Massively multilingual model

Serengeti is a game-changing language model that supports an impressive 517 African languages and language varieties. Have you ever wondered how language models can be more inclusive? Serengeti is the answer. By covering a vast number of languages, it enables improved access to important information for the African community in their native languages. This is especially beneficial for people who may not be fluent in other languages. But that's not all - Serengeti also affords opportunities for language preservation and can help encourage continued use of these languages in various domains. What sets Serengeti apart is its unique approach to addressing the lack of access to technology in many languages. It's developed using publicly available datasets and has been manually curated to ensure quality. While it's not perfect, Serengeti is a significant step towards a more inclusive and equitable language model landscape. With its capabilities, Serengeti has the potential to connect more people globally and make a real difference in the lives of African language speakers.

UBC NLP other Updated 2 years ago

Table of Contents

Model Overview

The Serengeti model is a game-changer for African languages. It’s a multilingual language model that can understand and work with an impressive 517 African languages and language varieties. This is a big deal, as only about 31 African languages were covered in existing language models.

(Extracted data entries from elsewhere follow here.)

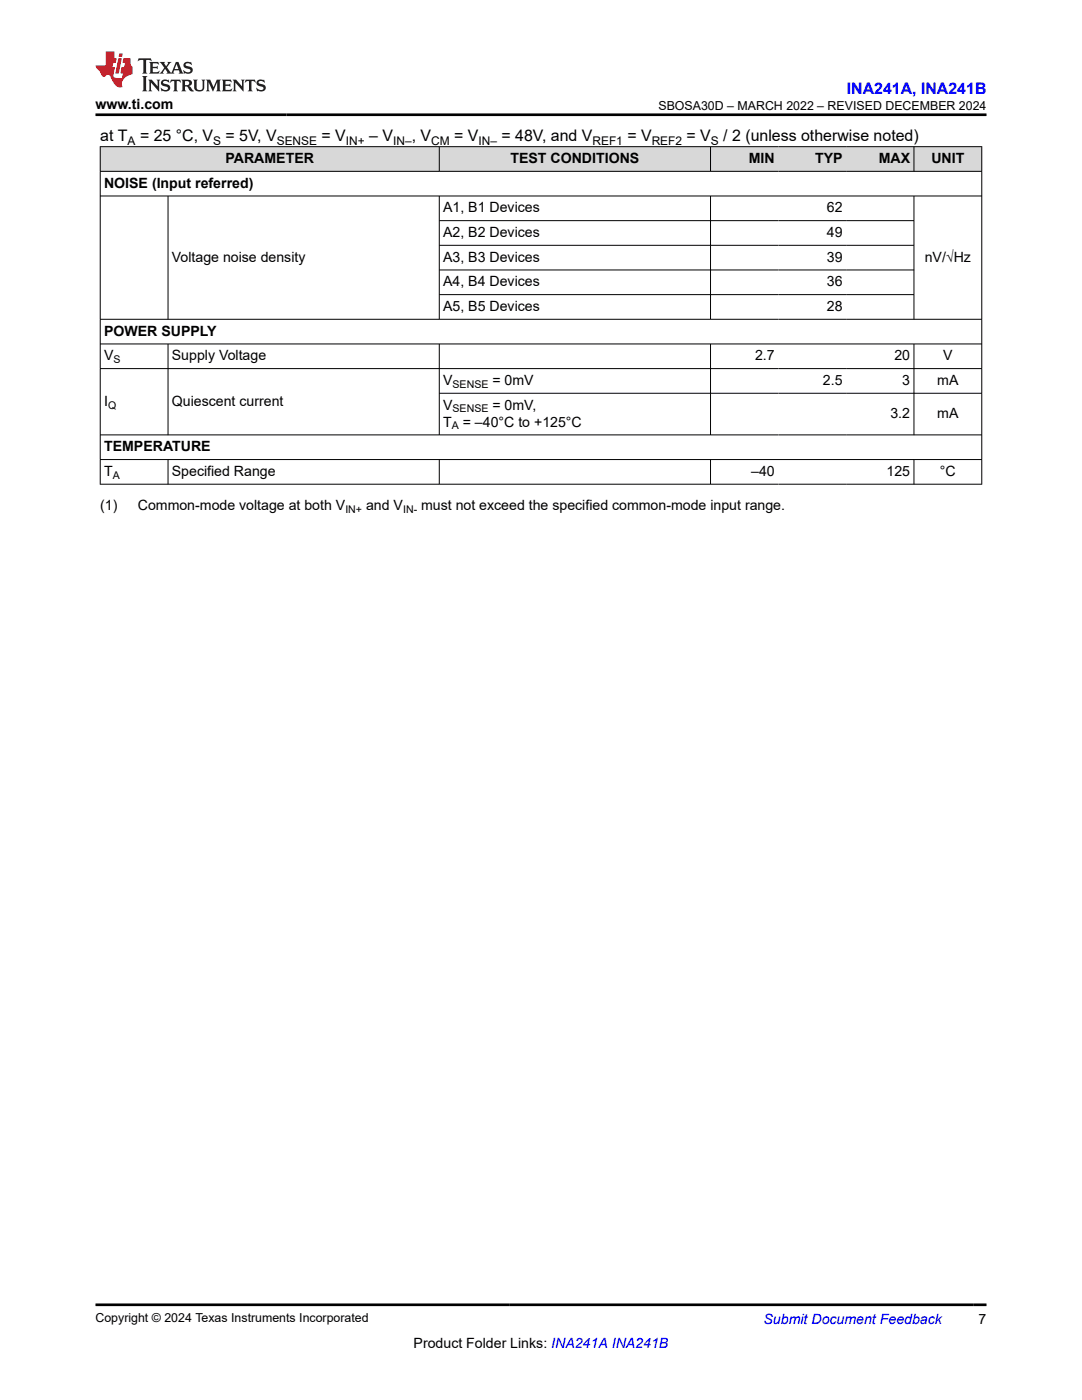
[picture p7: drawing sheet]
<svg xmlns="http://www.w3.org/2000/svg" width="216mm" height="279mm" viewBox="0 0 216 279" stroke-linecap="round" stroke-linejoin="round" font-family="sans-serif">
<defs><g id="words">
<text font-size="3.2" fill="#00f" x="169" y="18.7">INA241A, INA241B</text>
<g font-size="3.2">
<text x="20" y="28.2">at T</text>
<text x="27.9" y="28.2">= 25 °C, V</text>
<text x="45" y="28.2">= 5V, V</text>
<text x="64.2" y="28.2">= V</text>
<text x="73.7" y="28.2">– V</text>
<text x="82.1" y="28.2">, V</text>
<text x="90.6" y="28.2">= V</text>
<text x="100.1" y="28.2">= 48V, and V</text>
<text x="125.2" y="28.2">= V</text>
<text x="137" y="28.2">= V</text>
<text x="144.3" y="28.2">/ 2 (unless otherwise noted)</text>
</g>
<g font-size="2.8">
<text x="19.1" y="21.8">www.ti.com</text>
<text x="45" y="32.5">PARAMETER</text>
<text x="101.9" y="32.5">TEST CONDITIONS</text>
<text x="149.4" y="32.5">MIN</text>
<text x="162.6" y="32.5">TYP</text>
<text x="175.3" y="32.5">MAX</text>
<text x="185.8" y="32.5">UNIT</text>
<text x="20.8" y="37.5">NOISE (Input referred)</text>
<text x="88.4" y="42.4">A1, B1 Devices</text>
<text x="88.4" y="47.3">A2, B2 Devices</text>
<text x="165" y="42.4">62</text>
<text x="165" y="47.3">49</text>
<text x="34.3" y="52.2">Voltage noise density</text>
<text x="88.4" y="52.2">A3, B3 Devices</text>
<text x="165" y="52.2">39</text>
<text x="184.5" y="52.2">nV/√Hz</text>
<text x="88.4" y="57.2">A4, B4 Devices</text>
<text x="165" y="57.2">36</text>
<text x="88.4" y="62.1">A5, B5 Devices</text>
<text x="165" y="62.1">28</text>
<text x="20.8" y="67">POWER SUPPLY</text>
<text x="20.8" y="71.9">V</text>
<text x="34.3" y="71.9">Supply Voltage</text>
<text x="150.7" y="71.9">2.7</text>
<text x="178.5" y="71.9">20</text>
<text x="188.2" y="71.9">V</text>
<text x="88.4" y="76.8">V</text>
<text x="98.3" y="76.8">= 0mV</text>
<text x="164.2" y="76.8">2.5</text>
<text x="180" y="76.8">3</text>
<text x="187" y="76.8">mA</text>
<text x="20.8" y="81">I</text>
<text x="34.3" y="81">Quiescent current</text>
<text x="88.4" y="81.8">V</text>
<text x="98.3" y="81.8">= 0mV,</text>
<text x="177.7" y="83.5">3.2</text>
<text x="187" y="83.5">mA</text>
<text x="88.4" y="85.1">T</text>
<text x="92.3" y="85.1">= –40°C to +125°C</text>
<text x="20.8" y="90.1">TEMPERATURE</text>
<text x="20.8" y="95">T</text>
<text x="34.3" y="95">Specified Range</text>
<text x="149.9" y="95">–40</text>
<text x="176.9" y="95">125</text>
<text x="187.6" y="95">°C</text>
<text x="20" y="101.8">(1)</text>
<text x="27.5" y="101.8">Common-mode voltage at both V</text>
<text x="73.1" y="101.8">and V</text>
<text x="84" y="101.8">must not exceed the specified common-mode input range.</text>
<text x="82.5" y="269">Product Folder Links: INA241A INA241B</text>
<text x="195.3" y="264.2">7</text>
</g>
<text font-size="2.8" fill="#00f" x="152.4" y="264.2">Submit Document Feedback</text>
<g font-size="2.5">
<text x="131.4" y="21.9">SBOSA30D – MARCH 2022 – REVISED DECEMBER 2024</text>
<text x="19.1" y="263.9">Copyright © 2024 Texas Instruments Incorporated</text>
</g>
<g font-size="2.4">
<text x="25.5" y="28.9">A</text>
<text x="42.5" y="28.9">S</text>
<text x="55.2" y="28.9">SENSE</text>
<text x="69" y="28.9">IN+</text>
<text x="78.4" y="28.9">IN–</text>
<text x="86" y="28.9">CM</text>
<text x="95.5" y="28.9">IN–</text>
<text x="118.2" y="28.9">REF1</text>
<text x="130" y="28.9">REF2</text>
<text x="141.9" y="28.9">S</text>
</g>
<g font-size="2.1">
<text x="22.6" y="72.5">S</text>
<text x="90.3" y="77.4">SENSE</text>
<text x="21.6" y="81.6">Q</text>
<text x="90.3" y="82.3">SENSE</text>
<text x="90.1" y="85.7">A</text>
<text x="22.5" y="95.6">A</text>
<text x="68.9" y="102.4">IN+</text>
<text x="80.4" y="102.4">IN-</text>
</g>
</g></defs>
<g fill="#d8d8d8">
<path d="M20 29.3h175.9v4.9h-175.9z" fill-rule="evenodd"/>
<path d="M20.1 29.3h67.5v4.8h-67.5z" fill-rule="evenodd"/>
<path d="M87.7 29.3h54v4.8h-54z" fill-rule="evenodd"/>
<path d="M141.8 29.3h13.5v4.8h-13.5z" fill-rule="evenodd"/>
<path d="M155.3 29.3h13.5v4.8h-13.5z" fill-rule="evenodd"/>
<path d="M168.8 29.3h13.5v4.8h-13.5z" fill-rule="evenodd"/>
<path d="M182.4 29.3h13.4v4.8h-13.4z" fill-rule="evenodd"/>
</g>
<g fill="none" stroke="#000" stroke-width=".2">
<path d="M19.9 29.3h176.1M19.9 34.2h176.1M19.9 39.1h176.1M20 29.2v67.5M33.5 39.1v24.7M87.7 29.2v5.1M87.7 39.1v24.7M141.8 29.2v5.1M141.8 39.1v24.7M182.4 29.2v5.1M182.4 39.1v24.7M195.9 29.2v67.5"/>
<path d="M87.7 44h94.7M87.7 49h94.7M87.7 53.9h94.7M87.7 58.8h94.7M19.9 63.7h176.1M19.9 68.6h176.1M19.9 73.6h176.1M33.5 68.6v18.3M87.7 68.6v18.3M87.7 78.5h108.3M141.8 68.6v18.3M182.4 68.6v18.3"/>
<path d="M19.9 91.7h176.1M19.9 96.6h176.1M33.5 91.7v5M87.7 91.7v5M141.8 91.7v5M182.4 91.7v5M196 86.8h-176.1"/>
</g>
<path d="M27.7 11.6l-.2 .6 .5-.2h.6v.1v2.2l-.2 .4h1l-.2-.4v-2.2v-.1h.5l.5 .2-.1-.6zM29.8 12.4l.2 .3v1.6l-.2 .4h1.9l.1-.6a1.08 1.08 0 0 1-1.3 .2v-.7h.6l.4 .2v-.7l-.4 .2h-.6v-.5l.2-.2a1 1 0 0 1 1 .3l-.1-.5zM31.8 12.4l1 1.1-1 1.2h.9l-.2-.2 .4-.8 .5 .8-.2 .2h1.6l-.2-.2 .1-.5h1l.1 .5-.1 .2h.9l-.2-.4-.8-1.9h-.5l-1 2.1-.8-1.1 .9-1h-.8l.2 .2-.5 .6-.3-.6 .1-.2zM35.2 12.8l.4 1h-.8zM36.8 12.5a.65 .65 0 0 0-.2 .7 .65 .65 0 0 0 .6 .5l.7 .1 .1 .3a.79 .79 0 0 1-.7 .4 .79 .79 0 0 1-.7-.5l.1 .7 .2-.1a.93 .93 0 0 0 1.1 0 .93 .93 0 0 0 .4-.9 1.46 1.46 0 0 0-1.2-.6l-.1-.3a1.09 1.09 0 0 1 1.2 .2l-.2-.6-.1 .1-.6-.2zM28.4 15.2l.2 .4v2.2l-.2 .4h1l-.2-.4v-2.2l.2-.4zM29.6 15.9l.2 .4v1.5l-.2 .4h.8l-.3-.4v-1.3l1.7 1.8v-2l.2-.4h-.8l.2 .2 .1 1.1-1.2-1.3zM32.3 16a.65 .65 0 0 0-.2 .8 .65 .65 0 0 0 .7 .4l.6 .2 .1 .2a.79 .79 0 0 1-.7 .4 .79 .79 0 0 1-.7-.5l.1 .7 .2-.1a.93 .93 0 0 0 1.1 .1 .93 .93 0 0 0 .4-1 1.46 1.46 0 0 0-1.2-.5l-.1-.4a1.09 1.09 0 0 1 1.2 .2l-.2-.6-.1 .1-.6-.1zM34.1 15.9l-.1 .6a.63 .63 0 0 1 .7-.3l.1 1.6-.3 .4h1l-.2-.4v-1.6a.66 .66 0 0 1 .8 .3l-.1-.6zM36.2 15.9l.2 .4v1.5l-.2 .4h.9l-.2-.2v-.7h.5l.1 .2a.79 .79 0 0 0 1.2 .6l-1-.9a.61 .61 0 0 0 .6-.6 .61 .61 0 0 0-.5-.7zM36.9 16.2h.2a.47 .47 0 0 1 .5 .1 .47 .47 0 0 1 .1 .5l-.2 .1-.6 .1zM38.5 15.9l.2 .2a2.27 2.27 0 0 0 .4 2 1.04 1.04 0 0 0 1.7-.7v-1.3l.2-.2h-.8l.2 .4v1.1a.6 .6 0 0 1-.6 .6 .6 .6 0 0 1-.6-.6v-1.1l.3-.4zM41.1 15.9l.2 .4v1.5l-.2 .4h.7l-.2-.4v-1.4l.9 1.9 .8-1.9v1.4l-.2 .4h1l-.3-.4v-1.5l.3-.4h-.8l-.7 1.5-.7-1.5zM44.3 15.9l.2 .4v1.5l-.2 .4h1.9l.1-.6a1.09 1.09 0 0 1-1.3 .2v-.7h.6l.4 .2v-.6l-.4 .2h-.6v-.6l.2-.1a1.01 1.01 0 0 1 1 .3l-.1-.6zM46.4 15.9l.3 .4v1.5l-.3 .4h.8l-.2-.4v-1.3l1.6 1.8v-2l.2-.4h-.7l.2 .2v1.1l-1.2-1.3zM49 15.9l-.1 .6a.63 .63 0 0 1 .8-.3v1.6l-.3 .4h1l-.2-.4v-1.6a.66 .66 0 0 1 .8 .3l-.1-.6zM51.4 16a.65 .65 0 0 0-.2 .8 .65 .65 0 0 0 .6 .4l.6 .2 .2 .2a.79 .79 0 0 1-.8 .4 .79 .79 0 0 1-.6-.5l.1 .7 .2-.1a.93 .93 0 0 0 1 .1 .93 .93 0 0 0 .5-1 1.46 1.46 0 0 0-1.3-.5l-.1-.4a1.09 1.09 0 0 1 1.3 .2l-.2-.6-.2 .1-.5-.1z" fill="#231f20"/>
<path d="M21.1 10.3v2.7h-2v.4l.9 1a.95 .95 0 0 0 .9 .9 .59 .59 0 0 1 .6-.4 .59 .59 0 0 1 .5 .3l.4 .8a1.59 1.59 0 0 0 2.1 1.4 1.61 1.61 0 0 1 1-2.3l1-.3-.1-1.5a1.59 1.59 0 0 1-.4-1.7h-1.4l-.2 .9h.5l-.1 .9h-.5l-.2 .9v.3l.4 .1-.2 .9h-.6a.73 .73 0 0 1-1.1-.7l.3-1.5h-.5l.2-.9h.5l.2-.9h-.5v-1.3zM23.6 11.6l-.6 3.1h.7l.6-3.1zM23.8 10.7l-.1 .6h.7l.1-.6z" fill="#ed1c24"/>
<path d="M19.1 22.9h177.8M19.1 260.4h177.8" fill="none" stroke="#000" stroke-width=".53"/>
<use href="#words"/>
</svg>

What makes this model special? For starters, it’s the largest multilingual language model for African languages to date. It can help improve access to important information for African communities in their native languages. Plus, it enables language preservation for many African languages that were not previously used in NLP tasks.

Capabilities

So, what can this model do? Here are a few examples:

  • Natural Language Understanding: It excels in eight natural language understanding tasks across 20 datasets. It outperforms other models on 11 datasets across eight tasks, achieving an average F1-score of 82.27.
  • Language Preservation: With this model, you can help preserve many African languages that are not currently used for NLP tasks. This model can encourage continued use of these languages in various domains.
  • Improved Access to Information: It enables improved access to important information for the African community in Indigenous African languages. This is especially beneficial for people who may not be fluent in other languages.

How it Works

This model uses a technique called masked language modeling to predict missing words in a sentence. Here’s an example of how to use it in code:

from transformers import AutoTokenizer, AutoModelForMaskedLM

tokenizer = AutoTokenizer.from_pretrained("UBC-NLP/serengeti", use_auth_token="XXX")
model = AutoModelForMaskedLM.from_pretrained("UBC-NLP/serengeti", use_auth_token="XXX")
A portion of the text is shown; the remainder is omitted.